Au niveau des actifs, l’augmentation du taux directeur peut signaler aux investisseurs que la demande globale va diminuer. Et par conséquent, que les entreprises vont faire moins d’argent. Ce qui fait baisser le prix d’actifs comme les actions et les obligations. Les ménages qui détiennent ces actifs se sentent moins riches et ils peuvent être moins portés à emprunter et à dépenser. Cette situation peut faire ralentir l’inflation. À l’inverse, la baisse du taux directeur peut signaler aux investisseurs que les entreprises vont faire plus d’argent. Ce qui fait monter le prix des actions et des obligations. Les gens se sentent alors plus riches et sont portés à augmenter : leurs emprunts, leurs dépenses et leur demande de biens et services. Cette situation peut faire accélérer l’inflation.
Les enjeux de la dernière augmentation du taux directeur de la BC
Selon la BC, l’économie canadienne demeure en situation de demande excédentaire et les marchés du travail restent tendus. La demande de biens et de services dépasse encore la capacité de l’économie à y répondre. Elle exerce ainsi une pression à la hausse sur l’inflation au pays. Aussi, les entreprises font encore état de pénuries de main-d’œuvre généralisées. Bref, depuis la réouverture complète de l’économie, la forte demande a entraîné une flambée des prix des services.

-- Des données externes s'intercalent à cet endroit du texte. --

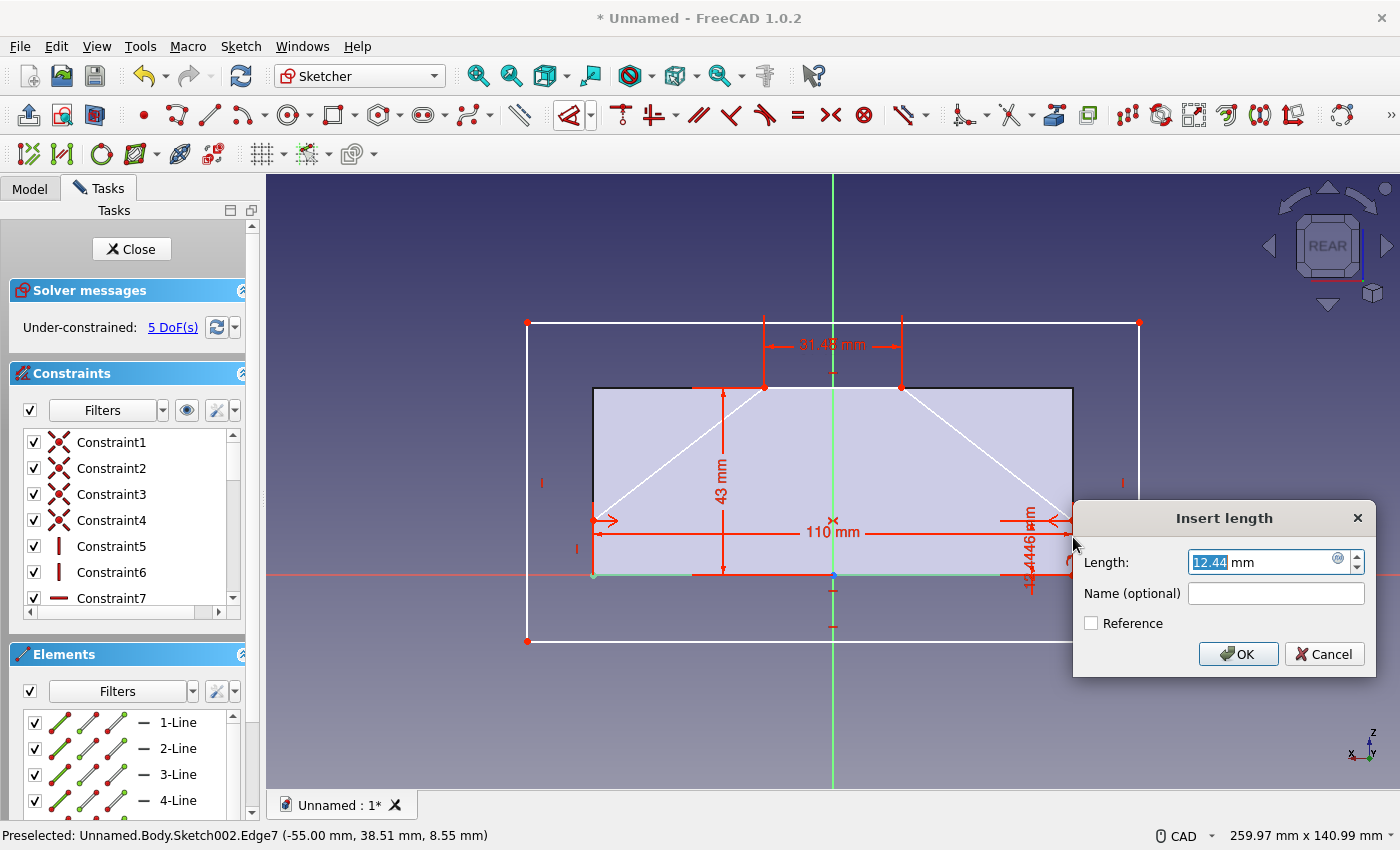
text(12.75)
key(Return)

Depuis l’été, l’inflation mesurée par l’indice des prix à la consommation (IPC) était descendue de 8,1 à 6,9 %. Ceci en raison surtout de la chute des prix de l’essence. Cependant, les pressions sur les prix restent généralisées. Les deux tiers des composantes de l’IPC ayant augmenté de plus de 5 % au cours de la dernière année. Les mesures de l’inflation fondamentale privilégiées par la BC n’indiquent pas encore de manière significative que les pressions sous-jacentes sur les prix s’atténuent. Les attentes d’inflation à court terme demeurent donc élevées, ce qui accroît le risque que la forte inflation s’enracine.

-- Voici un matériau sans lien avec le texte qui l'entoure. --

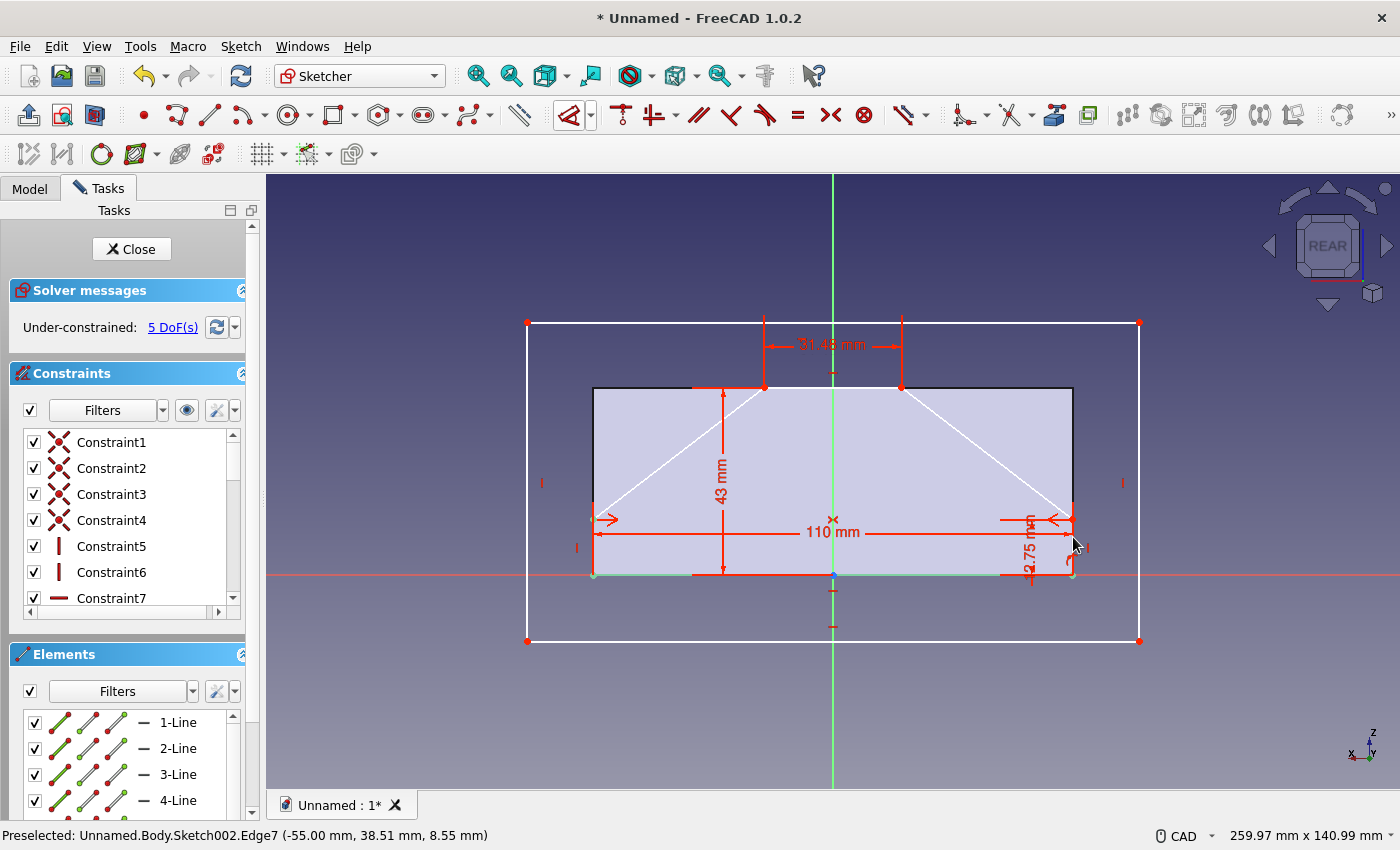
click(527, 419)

Par la mesure qu’elle vient de prendre, la BC s’attend à ce que l’inflation baisse. Cela ne sera possible qu’à mesure que les taux d’intérêts plus élevés aideront à rééquilibrer l’offre et la demande. Mais aussi lorsque les pressions sur les prix attribuables aux perturbations mondiales de l’approvisionnement diminueront. Et enfin, lorsque les effets passés des prix plus élevés des produits de base se dissiperont. Sur ces hypothèses, l’inflation devrait descendre à environ 3 % fin de 2023, puis retourner à la cible de 2 % fin de 2024.
À quoi s’attendre dans les prochains mois…
Étant donné que l’inflation et les attentes d’inflation sont élevées et que des pressions continues s’exercent sur la demande dans l’économie, le Conseil de direction de la BC s’attend à ce que le taux directeur doit encore augmenter. Les futures hausses de taux seront influencées par leurs évaluations : de l’efficacité du resserrement de la politique monétaire pour ralentir la demande, de la résolution des problèmes d’approvisionnement, et de la réaction de l’inflation et des attentes d’inflation aux hausses de taux.
La prochaine date d’établissement du taux cible du financement à un jour est le 7 décembre 2022. La Banque publiera sa prochaine projection complète pour l’économie et l’inflation, ainsi qu’une analyse des risques connexes, dans le Rapport sur la politique monétaire qui paraîtra le 25 janvier 2023.